The upper string had the PBR stinger on bottom followed by 7,874 ft (2,400 m) of VAM 23/8-in. flush joint 13% Cr tubing. It was supported by a specially-built retrievable 3.78-in. PB Packer designed to set in 5-in. 15 lb/ft tubing. The packer was designed to have extended slip reach. When installed the PB packer only had to support to upper string, the RNG lock mandrel supported the lower string.

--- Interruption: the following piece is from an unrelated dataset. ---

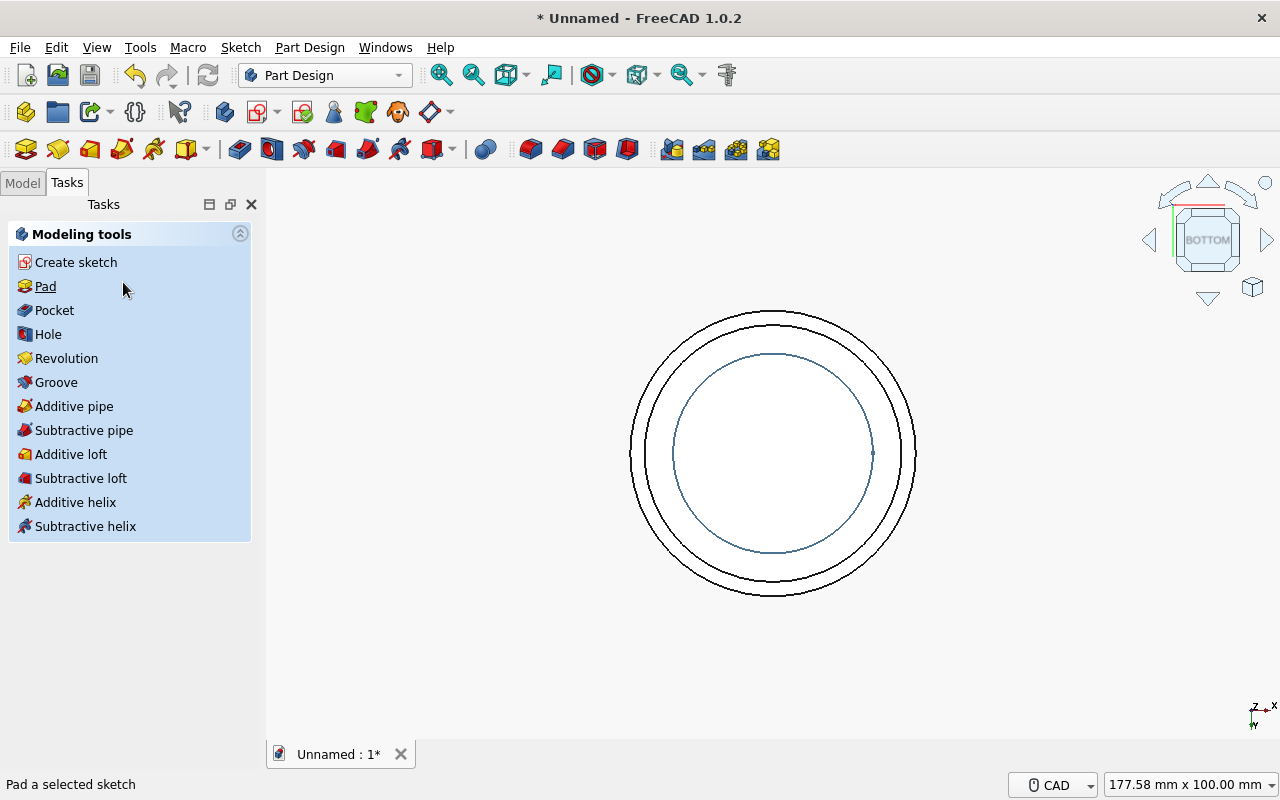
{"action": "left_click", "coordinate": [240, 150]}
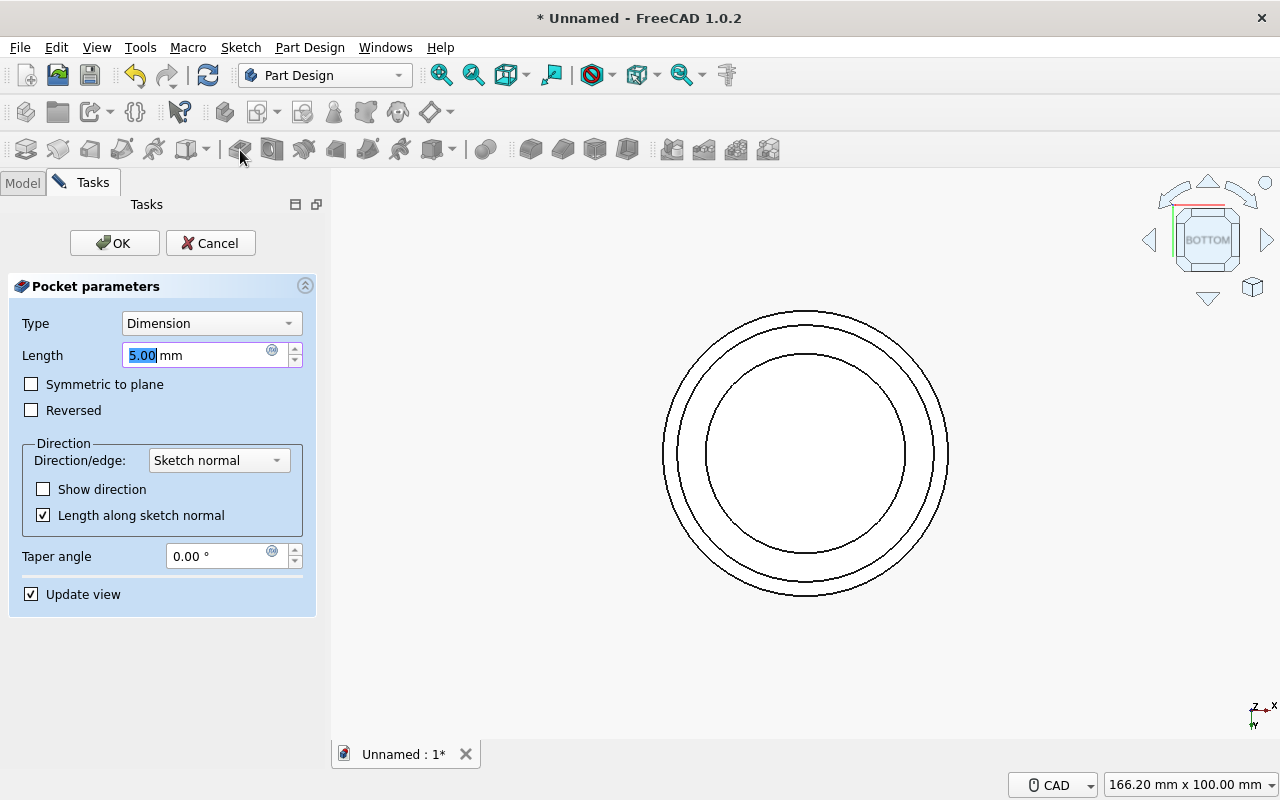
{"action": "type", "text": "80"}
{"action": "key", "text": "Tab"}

Meanwhile over at Schlumberger

Running jointed tubing using a coiled tubing (CT) injector head is not new, but it requires some special rigging. Usually a basket is rigged above the injector head where operators make up the tubing connections with tongs. However, on the K6-DN2 well Total decided to take advantage of the presence of the rig to handle the tubulars. Accordingly, the injector head and six-ram BOPs were rigged below the rig floor and the CT gooseneck and pipe straightener assembly was rigged so it could be set back when it was not being used to guide the coiled tubing. Safety was paramount. A frame was adapted from a hydraulic workover jacking frame to support the lubricator and injector head, with sufficient clearance to allow changeout of pressure control equipment as the tubing size transitioned from 2-in. to 23/8-in. At all times double barrier pressure control was employed.

Because the injector head remained in the worktrain at all times, transitioning between running coiled tubing and jointed pipe and back again was smooth. The CT coil, gooseneck and pipe straightener was positioned above the rig floor so it could be rigged up quickly, and the job continued. Both the lower and upper strings of the velocity tube assembly were deployed on CT, and after some experience up to 26 joints of flush joint tubing per hour could be run into the well.

Just in case

In the event that either the RNG lock mandrel or the PB Packer failed to seal, a dual well control barrier was employed. Dual pump-out subs were pinned into the bottom of the 2-in. tailpipe and a glass disk breakout sub was run with the PBR stinger.

Once the velocity string was set and tested and Total was satisfied with the integrity of the seals, nitrogen was used to shear the glass disks and pump out the two pump-out subs from the bottom of the tailpipe.

The full live-well recompletion was accomplished in 7 days, as per plan, and with no formation damage. The team reckoned the job represented a 65% saving over a conventional workover, which in any case they deemed to be uneconomical.